TASK BRIEF: Where the records below show a line containing "543.5 mm^2 |", start copying; end with the line containing "3.01..36.99, 43.01..52.5 |", and copy it too.

PROVIDED DATA:
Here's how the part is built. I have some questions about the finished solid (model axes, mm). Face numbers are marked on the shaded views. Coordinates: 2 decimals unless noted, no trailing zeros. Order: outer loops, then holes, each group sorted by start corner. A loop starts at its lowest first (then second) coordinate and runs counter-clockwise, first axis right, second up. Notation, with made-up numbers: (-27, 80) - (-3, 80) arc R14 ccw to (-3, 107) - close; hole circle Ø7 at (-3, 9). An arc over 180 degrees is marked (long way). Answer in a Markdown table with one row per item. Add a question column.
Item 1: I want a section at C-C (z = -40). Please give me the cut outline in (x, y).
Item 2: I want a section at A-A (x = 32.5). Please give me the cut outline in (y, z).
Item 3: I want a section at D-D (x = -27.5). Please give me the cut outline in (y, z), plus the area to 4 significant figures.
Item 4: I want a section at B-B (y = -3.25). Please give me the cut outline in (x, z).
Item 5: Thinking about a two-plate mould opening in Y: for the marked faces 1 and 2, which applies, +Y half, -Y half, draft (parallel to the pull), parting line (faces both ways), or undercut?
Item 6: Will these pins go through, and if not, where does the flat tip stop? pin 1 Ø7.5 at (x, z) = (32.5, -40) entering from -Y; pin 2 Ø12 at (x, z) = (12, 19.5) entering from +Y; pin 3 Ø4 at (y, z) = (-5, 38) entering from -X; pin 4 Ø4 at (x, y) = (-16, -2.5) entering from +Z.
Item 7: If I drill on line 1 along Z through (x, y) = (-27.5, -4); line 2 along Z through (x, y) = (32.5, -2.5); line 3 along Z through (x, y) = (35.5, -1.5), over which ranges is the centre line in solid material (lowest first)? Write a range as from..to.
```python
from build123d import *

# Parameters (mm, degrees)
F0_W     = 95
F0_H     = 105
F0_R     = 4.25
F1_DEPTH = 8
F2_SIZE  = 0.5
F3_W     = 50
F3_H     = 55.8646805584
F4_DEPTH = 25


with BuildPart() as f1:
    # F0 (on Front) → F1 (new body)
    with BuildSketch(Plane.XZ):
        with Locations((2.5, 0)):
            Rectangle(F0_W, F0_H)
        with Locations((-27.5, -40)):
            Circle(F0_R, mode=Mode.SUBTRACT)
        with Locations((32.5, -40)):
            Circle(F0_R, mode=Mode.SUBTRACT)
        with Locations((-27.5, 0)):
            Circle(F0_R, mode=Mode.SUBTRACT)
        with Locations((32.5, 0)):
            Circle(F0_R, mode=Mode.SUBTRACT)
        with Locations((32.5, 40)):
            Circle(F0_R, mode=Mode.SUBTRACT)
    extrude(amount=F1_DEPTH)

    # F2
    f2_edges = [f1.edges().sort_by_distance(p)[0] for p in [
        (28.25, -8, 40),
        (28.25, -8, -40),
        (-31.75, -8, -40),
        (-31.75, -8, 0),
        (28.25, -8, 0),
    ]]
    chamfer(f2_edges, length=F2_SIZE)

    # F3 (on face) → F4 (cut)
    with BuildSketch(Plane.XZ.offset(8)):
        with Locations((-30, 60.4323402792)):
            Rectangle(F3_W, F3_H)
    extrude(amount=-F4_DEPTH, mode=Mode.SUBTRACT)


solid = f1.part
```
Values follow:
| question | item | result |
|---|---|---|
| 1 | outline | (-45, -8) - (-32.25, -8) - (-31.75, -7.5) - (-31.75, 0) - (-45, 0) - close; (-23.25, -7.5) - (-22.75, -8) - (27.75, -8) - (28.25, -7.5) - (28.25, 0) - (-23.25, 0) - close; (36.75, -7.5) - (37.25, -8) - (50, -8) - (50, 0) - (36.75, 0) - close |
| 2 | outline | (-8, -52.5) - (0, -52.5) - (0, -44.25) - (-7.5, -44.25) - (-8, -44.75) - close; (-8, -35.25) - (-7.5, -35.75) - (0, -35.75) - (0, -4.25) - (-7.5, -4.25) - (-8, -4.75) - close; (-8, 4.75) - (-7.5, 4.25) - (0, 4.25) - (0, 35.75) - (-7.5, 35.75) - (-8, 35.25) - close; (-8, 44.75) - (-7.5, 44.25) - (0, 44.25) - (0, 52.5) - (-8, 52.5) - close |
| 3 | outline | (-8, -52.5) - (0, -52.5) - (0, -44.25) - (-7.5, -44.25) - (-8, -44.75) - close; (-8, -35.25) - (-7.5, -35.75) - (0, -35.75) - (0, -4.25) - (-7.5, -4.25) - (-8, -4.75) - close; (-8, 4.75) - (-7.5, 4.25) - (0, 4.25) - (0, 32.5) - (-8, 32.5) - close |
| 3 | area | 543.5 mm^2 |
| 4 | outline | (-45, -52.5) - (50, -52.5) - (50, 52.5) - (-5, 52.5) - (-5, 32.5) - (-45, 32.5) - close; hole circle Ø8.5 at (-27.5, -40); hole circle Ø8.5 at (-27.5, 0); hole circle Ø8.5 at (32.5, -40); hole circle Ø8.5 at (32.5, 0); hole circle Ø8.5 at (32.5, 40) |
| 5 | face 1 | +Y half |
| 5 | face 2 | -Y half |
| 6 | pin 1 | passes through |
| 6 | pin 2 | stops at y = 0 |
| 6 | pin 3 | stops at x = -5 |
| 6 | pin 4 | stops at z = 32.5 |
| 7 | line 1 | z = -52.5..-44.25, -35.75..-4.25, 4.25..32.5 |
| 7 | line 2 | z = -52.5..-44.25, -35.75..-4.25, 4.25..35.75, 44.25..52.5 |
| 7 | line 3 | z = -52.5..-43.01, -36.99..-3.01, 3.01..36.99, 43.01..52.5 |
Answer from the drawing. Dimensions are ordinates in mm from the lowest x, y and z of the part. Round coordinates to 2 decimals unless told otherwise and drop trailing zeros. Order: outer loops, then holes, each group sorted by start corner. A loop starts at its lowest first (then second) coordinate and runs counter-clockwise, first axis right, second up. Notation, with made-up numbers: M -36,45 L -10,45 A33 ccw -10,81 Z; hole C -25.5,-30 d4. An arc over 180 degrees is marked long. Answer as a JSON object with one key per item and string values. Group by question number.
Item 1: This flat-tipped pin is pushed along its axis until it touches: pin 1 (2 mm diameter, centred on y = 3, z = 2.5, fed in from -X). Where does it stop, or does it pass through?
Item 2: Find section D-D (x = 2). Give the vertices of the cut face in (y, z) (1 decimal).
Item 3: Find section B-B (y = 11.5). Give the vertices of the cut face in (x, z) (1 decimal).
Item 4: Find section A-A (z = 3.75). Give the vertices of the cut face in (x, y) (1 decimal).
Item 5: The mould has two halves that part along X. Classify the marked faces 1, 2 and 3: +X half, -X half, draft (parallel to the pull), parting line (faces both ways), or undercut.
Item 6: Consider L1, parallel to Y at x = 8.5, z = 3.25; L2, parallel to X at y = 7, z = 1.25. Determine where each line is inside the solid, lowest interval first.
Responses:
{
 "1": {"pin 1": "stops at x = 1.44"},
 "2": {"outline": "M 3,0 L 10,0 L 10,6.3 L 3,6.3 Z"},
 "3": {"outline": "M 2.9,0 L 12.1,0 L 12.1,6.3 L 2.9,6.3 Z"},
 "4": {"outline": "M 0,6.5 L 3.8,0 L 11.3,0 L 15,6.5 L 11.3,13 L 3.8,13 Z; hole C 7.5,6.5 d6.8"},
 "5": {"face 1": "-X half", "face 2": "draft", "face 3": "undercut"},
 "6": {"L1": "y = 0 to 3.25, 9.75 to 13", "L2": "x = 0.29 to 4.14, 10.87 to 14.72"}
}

RESULT:
| 3 | area | 543.5 mm^2 |
| 4 | outline | (-45, -52.5) - (50, -52.5) - (50, 52.5) - (-5, 52.5) - (-5, 32.5) - (-45, 32.5) - close; hole circle Ø8.5 at (-27.5, -40); hole circle Ø8.5 at (-27.5, 0); hole circle Ø8.5 at (32.5, -40); hole circle Ø8.5 at (32.5, 0); hole circle Ø8.5 at (32.5, 40) |
| 5 | face 1 | +Y half |
| 5 | face 2 | -Y half |
| 6 | pin 1 | passes through |
| 6 | pin 2 | stops at y = 0 |
| 6 | pin 3 | stops at x = -5 |
| 6 | pin 4 | stops at z = 32.5 |
| 7 | line 1 | z = -52.5..-44.25, -35.75..-4.25, 4.25..32.5 |
| 7 | line 2 | z = -52.5..-44.25, -35.75..-4.25, 4.25..35.75, 44.25..52.5 |
| 7 | line 3 | z = -52.5..-43.01, -36.99..-3.01, 3.01..36.99, 43.01..52.5 |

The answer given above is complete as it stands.